August 26, 2005
There are 1.3 million customers without power after Hurricane Katrina slammed into Florida's southeastern coast last night.
Katrina slammed into Florida causing at least four deaths along with power outages, and major flooding. Katrina was downgraded to a tropical storm, but has since been upgraded to hurricane again. The threat to Florida is far from over.
Hurricane Katrina crashed ashore, packing 80mph to 100mph winds, knocking down an interstate bridge near Miami, which was under construction.
The category one storm also overturned a semi-truck, which was left dangling over the guard rails. The driver made it out alive.
Some residents weren't as fortunate, at least four people are dead, two of them were killed when trees fell on top of them. Emergency management officials are urging everyone to stay inside.
"We want to stress that it's still not safe to go out there," said Chief Carlos Castillo, the Director of Emergency Management Services, in Miami-Dade County.
Katrina ripped down power lines, leaving nearly a million and a half people without electricity.

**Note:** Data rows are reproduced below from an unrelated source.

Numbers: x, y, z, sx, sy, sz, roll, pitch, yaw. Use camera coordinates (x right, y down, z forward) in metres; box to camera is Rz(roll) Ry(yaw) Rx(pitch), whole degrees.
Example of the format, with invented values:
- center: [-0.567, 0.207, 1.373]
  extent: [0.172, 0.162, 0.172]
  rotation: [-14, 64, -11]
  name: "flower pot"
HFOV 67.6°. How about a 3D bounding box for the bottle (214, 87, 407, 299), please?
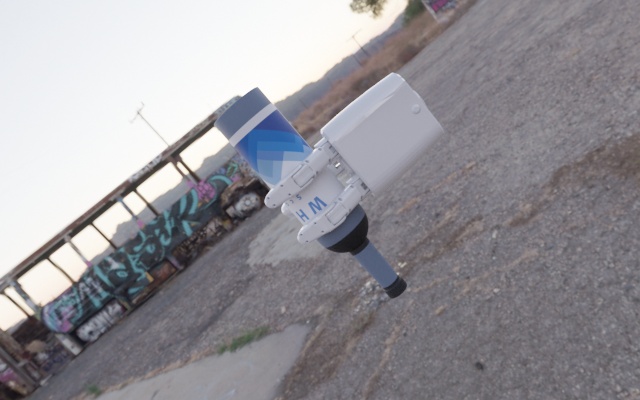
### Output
- center: [0.000, 0.002, 0.564]
  extent: [0.069, 0.296, 0.069]
  rotation: [-40, 9, 8]
  name: "bottle"
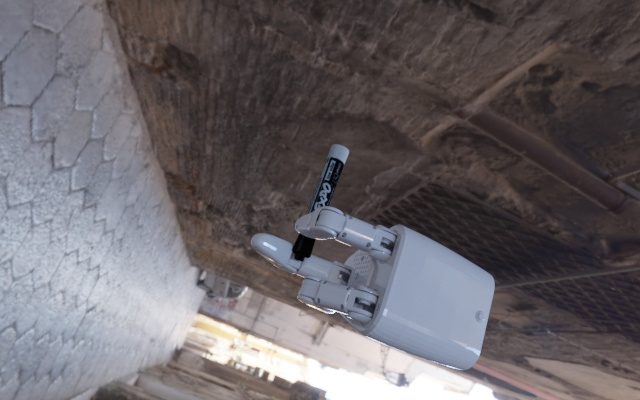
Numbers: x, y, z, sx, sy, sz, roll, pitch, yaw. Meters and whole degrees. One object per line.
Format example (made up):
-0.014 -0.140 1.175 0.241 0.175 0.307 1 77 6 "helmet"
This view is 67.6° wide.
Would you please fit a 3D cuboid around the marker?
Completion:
0.000 0.001 0.462 0.020 0.121 0.020 18 -18 6 "marker"
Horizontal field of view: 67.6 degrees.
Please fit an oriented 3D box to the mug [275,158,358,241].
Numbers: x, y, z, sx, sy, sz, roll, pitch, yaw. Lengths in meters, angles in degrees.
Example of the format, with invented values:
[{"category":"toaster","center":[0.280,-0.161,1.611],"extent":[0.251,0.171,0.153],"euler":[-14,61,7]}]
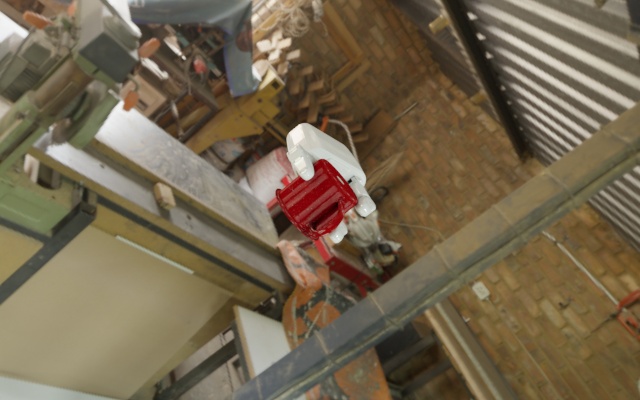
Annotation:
[{"category":"mug","center":[0.001,0.003,0.655],"extent":[0.093,0.081,0.117],"euler":[44,14,-33]}]
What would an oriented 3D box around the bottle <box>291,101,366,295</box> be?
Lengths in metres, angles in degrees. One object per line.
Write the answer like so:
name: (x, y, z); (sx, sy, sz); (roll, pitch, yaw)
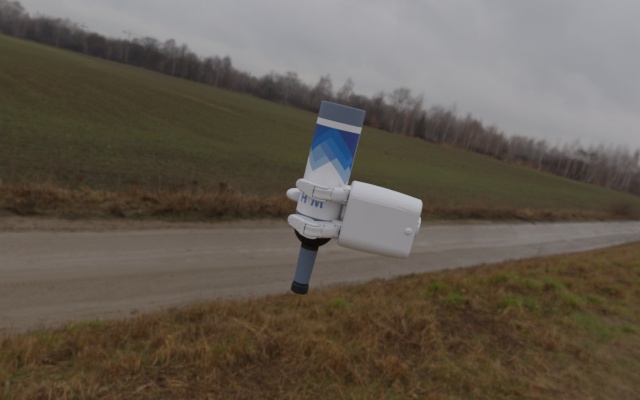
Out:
bottle: (0.000, 0.002, 0.725); (0.069, 0.296, 0.069); (13, 11, -3)
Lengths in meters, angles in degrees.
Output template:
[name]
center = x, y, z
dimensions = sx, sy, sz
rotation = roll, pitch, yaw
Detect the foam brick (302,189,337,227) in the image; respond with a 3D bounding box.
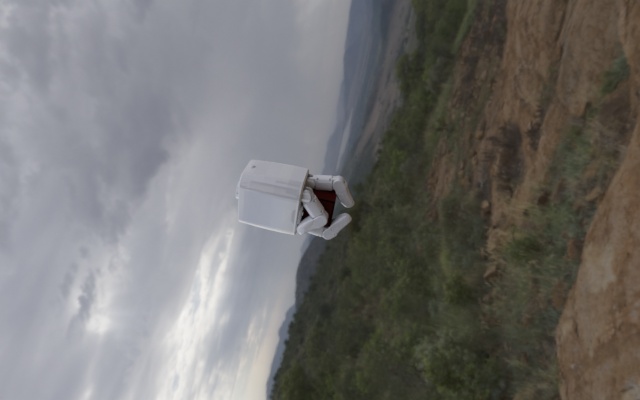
[foam brick]
center = 0.000, 0.003, 0.851
dimensions = 0.051, 0.053, 0.078
rotation = 12, 26, 1
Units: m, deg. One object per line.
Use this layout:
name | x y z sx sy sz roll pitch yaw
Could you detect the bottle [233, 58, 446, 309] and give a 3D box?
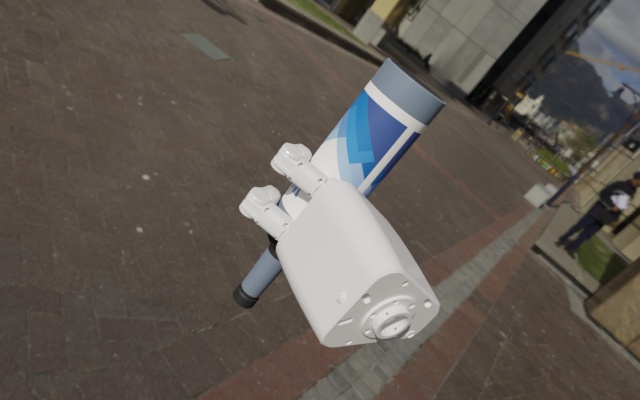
bottle | 0.000 0.001 0.475 0.069 0.296 0.069 33 22 -15
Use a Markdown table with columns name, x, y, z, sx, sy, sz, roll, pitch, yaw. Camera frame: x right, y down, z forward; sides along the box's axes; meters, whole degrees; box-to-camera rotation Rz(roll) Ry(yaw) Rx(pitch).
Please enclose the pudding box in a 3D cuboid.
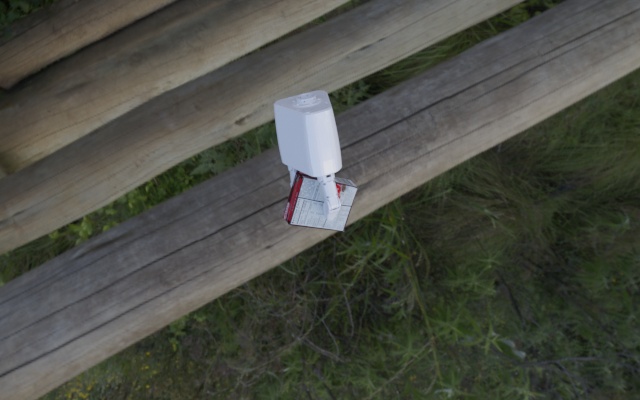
| name | x | y | z | sx | sy | sz | roll | pitch | yaw |
| --- | --- | --- | --- | --- | --- | --- | --- | --- | --- |
| pudding box | 0.000 | 0.003 | 0.828 | 0.113 | 0.090 | 0.039 | 10 | 18 | -26 |
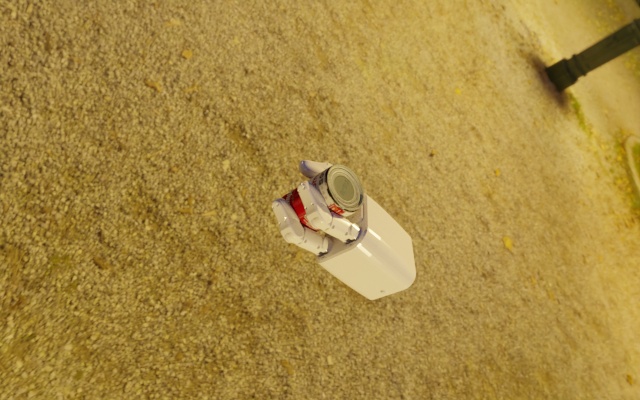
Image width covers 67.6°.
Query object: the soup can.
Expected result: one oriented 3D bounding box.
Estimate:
[{"bbox_3d":[0.000,0.002,0.638,0.068,0.068,0.102,0,-22,-44],"label":"soup can"}]
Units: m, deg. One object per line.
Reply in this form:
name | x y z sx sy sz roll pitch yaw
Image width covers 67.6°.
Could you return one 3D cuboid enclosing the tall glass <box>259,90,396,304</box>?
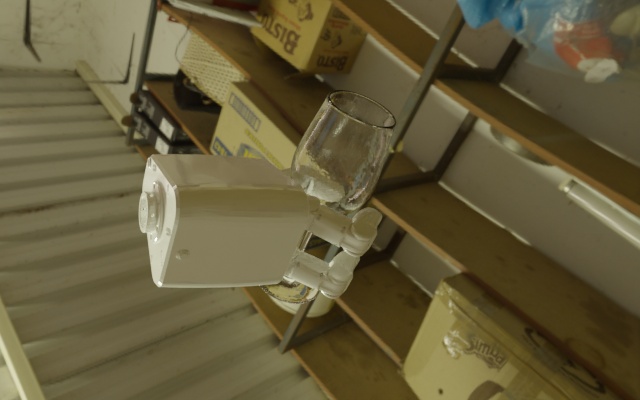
tall glass | 0.000 0.002 0.445 0.079 0.201 0.079 18 32 -11
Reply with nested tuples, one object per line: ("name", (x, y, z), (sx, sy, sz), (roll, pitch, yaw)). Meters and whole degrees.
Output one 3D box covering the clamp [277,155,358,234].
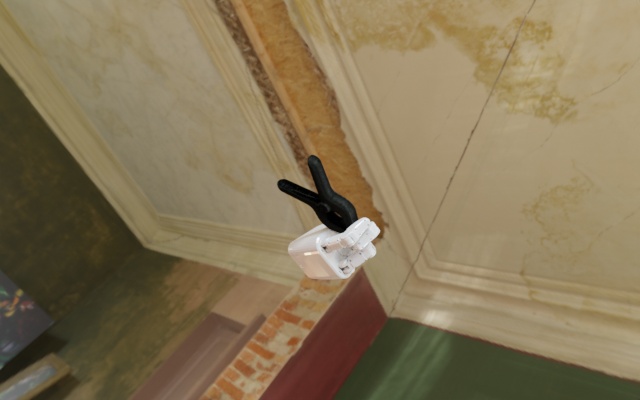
("clamp", (0.001, 0.003, 0.853), (0.120, 0.171, 0.039), (-17, 25, 51))
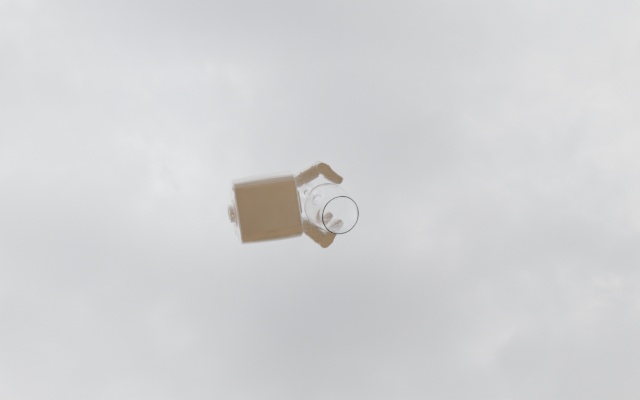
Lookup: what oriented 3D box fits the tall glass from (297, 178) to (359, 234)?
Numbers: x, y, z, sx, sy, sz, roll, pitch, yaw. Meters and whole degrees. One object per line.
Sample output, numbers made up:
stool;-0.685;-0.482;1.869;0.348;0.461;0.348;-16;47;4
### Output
tall glass;0.000;0.002;0.829;0.079;0.079;0.201;0;12;-19
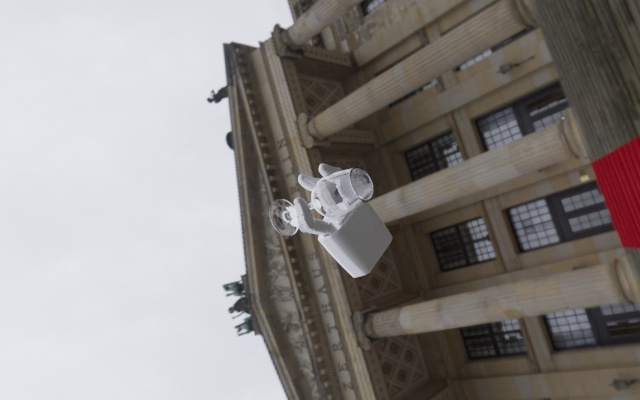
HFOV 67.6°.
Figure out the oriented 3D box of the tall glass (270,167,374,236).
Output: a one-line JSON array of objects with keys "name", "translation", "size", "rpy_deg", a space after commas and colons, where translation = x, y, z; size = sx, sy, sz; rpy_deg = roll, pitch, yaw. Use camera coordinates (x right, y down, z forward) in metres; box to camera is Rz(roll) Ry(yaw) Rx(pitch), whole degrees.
[{"name": "tall glass", "translation": [0.000, 0.003, 0.862], "size": [0.201, 0.079, 0.079], "rpy_deg": [-24, -16, 40]}]

Police had to block off roads strewn with live wires and downed trees that were ripped out of the ground.
"Whatever we've seen out there, it is dangerous to be out there because of downed power lines, because of power out in a lot of areas and it's not safe to be driving there. In addition, the potential flooding is going to increase," added Chief Castillo.
Many residents admit they didn't take the category one storm that seriously. Katrina's wrath now has them thinking twice.
Hurricane Katrina has been downgraded to a tropical storm, but is expected to head into the gulf later this morning. The next projected target is Florida again, this time in the panhandle.